Following its signing of the EFTA in June 2014, Ukraine has the opportunity to gain some key economic advantages.  Yet, in the short term, numerous difficulties remain. Ukraine relies heavily on exports to Russia and, if Russia decides to ban the import of Ukrainian goods, this would hit the Ukrainian economy hard.  Large parts of Ukraine’s economy remain uncompetitive unless fundamental reforms are implemented, especially in respect of corruption. A cleansing of Ukraine’s business environment is fundamental to the attraction of meaningful Foreign Direct Investment.

Additionally, Poroshenko’s administration will need to gather enough political support amongst Ukraine’s elites to be able to chart a path towards meaningful economic reforms.  Amongst Ukraine’s oligarchs business interests are inextricably entwined with political interests.  Two leading oligarchs – Ihor Kolomoiskkyi (Privat Group), based in Dnipropetrovs’k, and Serhii Taruta (Industrial Union of Donbass), based in Donets’k – have chosen to become governors of these two important regions in eastern Ukraine and thus oppose separatist movements.  Similarly, Rinat Akhmetov, Ukraine’s richest individual, Head of the SCM Group, has shown no support for separatist movements either.  Such political maneuverings demonstrate that they would prefer to maintain full control of their regional fiefdoms within an independent Ukraine than be exposed to supervision from Moscow.

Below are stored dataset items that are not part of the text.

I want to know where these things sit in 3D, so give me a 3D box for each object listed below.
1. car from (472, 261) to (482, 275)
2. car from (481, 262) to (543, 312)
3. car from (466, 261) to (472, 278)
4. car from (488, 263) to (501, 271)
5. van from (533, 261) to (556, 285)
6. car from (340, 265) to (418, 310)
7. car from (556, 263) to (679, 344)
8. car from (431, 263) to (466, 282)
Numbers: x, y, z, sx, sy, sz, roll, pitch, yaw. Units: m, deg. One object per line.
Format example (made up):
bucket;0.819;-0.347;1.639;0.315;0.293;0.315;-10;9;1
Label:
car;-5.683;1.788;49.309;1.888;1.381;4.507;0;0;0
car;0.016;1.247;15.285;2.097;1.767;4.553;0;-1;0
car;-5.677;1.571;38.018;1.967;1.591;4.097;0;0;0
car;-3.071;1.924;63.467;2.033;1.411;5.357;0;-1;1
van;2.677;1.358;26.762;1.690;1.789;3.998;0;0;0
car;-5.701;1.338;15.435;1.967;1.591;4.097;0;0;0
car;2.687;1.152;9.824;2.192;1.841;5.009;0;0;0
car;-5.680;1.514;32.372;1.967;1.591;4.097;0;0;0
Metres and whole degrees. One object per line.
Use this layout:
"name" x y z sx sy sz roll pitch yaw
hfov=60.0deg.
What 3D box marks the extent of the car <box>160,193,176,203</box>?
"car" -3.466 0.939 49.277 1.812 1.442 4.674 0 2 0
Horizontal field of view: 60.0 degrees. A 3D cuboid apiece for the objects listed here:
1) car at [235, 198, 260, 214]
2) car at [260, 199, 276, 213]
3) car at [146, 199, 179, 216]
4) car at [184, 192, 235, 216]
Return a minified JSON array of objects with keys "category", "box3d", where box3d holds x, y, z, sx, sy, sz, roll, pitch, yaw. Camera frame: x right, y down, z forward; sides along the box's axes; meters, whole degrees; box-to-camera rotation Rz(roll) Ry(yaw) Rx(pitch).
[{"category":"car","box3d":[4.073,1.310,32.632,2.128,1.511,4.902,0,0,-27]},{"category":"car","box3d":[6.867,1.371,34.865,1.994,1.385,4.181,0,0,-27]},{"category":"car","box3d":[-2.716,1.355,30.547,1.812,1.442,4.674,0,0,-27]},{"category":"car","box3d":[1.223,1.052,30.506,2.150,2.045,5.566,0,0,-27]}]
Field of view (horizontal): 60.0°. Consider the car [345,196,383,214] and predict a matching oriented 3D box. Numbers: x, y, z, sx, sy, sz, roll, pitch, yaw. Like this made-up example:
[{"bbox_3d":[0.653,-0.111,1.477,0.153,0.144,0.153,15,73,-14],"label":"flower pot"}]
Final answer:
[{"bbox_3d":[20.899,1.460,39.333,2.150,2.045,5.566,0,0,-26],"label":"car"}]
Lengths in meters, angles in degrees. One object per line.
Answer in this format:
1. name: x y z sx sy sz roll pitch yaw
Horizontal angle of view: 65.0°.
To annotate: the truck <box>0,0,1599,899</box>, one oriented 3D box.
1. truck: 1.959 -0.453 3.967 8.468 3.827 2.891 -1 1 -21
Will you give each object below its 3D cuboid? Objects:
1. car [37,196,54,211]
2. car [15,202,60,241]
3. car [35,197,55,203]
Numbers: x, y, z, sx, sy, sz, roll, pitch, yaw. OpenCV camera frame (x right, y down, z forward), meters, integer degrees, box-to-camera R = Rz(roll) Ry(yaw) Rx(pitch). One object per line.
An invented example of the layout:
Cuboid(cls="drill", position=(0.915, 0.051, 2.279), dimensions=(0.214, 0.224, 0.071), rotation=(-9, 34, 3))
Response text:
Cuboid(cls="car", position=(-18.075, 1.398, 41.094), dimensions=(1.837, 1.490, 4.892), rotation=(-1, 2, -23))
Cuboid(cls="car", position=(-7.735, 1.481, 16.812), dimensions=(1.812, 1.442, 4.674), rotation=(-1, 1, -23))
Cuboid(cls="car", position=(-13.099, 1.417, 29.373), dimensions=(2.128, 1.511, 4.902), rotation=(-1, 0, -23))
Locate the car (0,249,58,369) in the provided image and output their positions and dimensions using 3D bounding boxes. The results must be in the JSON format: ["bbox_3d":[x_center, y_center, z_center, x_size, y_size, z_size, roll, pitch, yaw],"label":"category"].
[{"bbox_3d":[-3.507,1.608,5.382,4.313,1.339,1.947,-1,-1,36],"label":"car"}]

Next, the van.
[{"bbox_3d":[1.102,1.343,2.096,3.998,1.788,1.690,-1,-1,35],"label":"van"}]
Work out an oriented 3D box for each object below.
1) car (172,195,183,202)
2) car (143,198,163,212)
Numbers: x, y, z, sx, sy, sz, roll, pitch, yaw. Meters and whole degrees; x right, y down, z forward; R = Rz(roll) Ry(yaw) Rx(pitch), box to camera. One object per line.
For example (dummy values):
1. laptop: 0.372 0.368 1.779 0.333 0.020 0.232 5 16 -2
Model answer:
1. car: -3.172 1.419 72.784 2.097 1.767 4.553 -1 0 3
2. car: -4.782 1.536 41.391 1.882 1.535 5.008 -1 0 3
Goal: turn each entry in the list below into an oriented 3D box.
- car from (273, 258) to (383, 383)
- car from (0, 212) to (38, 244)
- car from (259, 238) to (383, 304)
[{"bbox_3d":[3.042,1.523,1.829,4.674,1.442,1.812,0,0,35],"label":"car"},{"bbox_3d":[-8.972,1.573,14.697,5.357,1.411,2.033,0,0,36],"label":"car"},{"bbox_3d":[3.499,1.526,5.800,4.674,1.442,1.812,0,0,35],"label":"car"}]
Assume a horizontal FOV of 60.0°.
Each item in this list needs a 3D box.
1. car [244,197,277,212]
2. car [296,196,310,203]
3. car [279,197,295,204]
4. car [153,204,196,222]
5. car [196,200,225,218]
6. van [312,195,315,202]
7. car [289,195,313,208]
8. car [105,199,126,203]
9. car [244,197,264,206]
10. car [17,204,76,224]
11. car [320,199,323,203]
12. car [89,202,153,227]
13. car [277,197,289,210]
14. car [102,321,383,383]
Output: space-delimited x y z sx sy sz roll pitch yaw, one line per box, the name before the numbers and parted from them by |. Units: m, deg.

To sum up, as stated at the outset of this post, Ukraine is now dealing with its most serious challenges since becoming independent.  Crimea has been annexed and separatist movements in the Donets’k and Luhans’k regions are demanding greater autonomy from Kyiv or accession into the Russian Federation.   Kyiv badly needs to foster a meaningful political project which strives to create ‘unity out of diversity’, accommodating both the desire to ‘Europeanise’ Ukraine and maintain close links with Russia.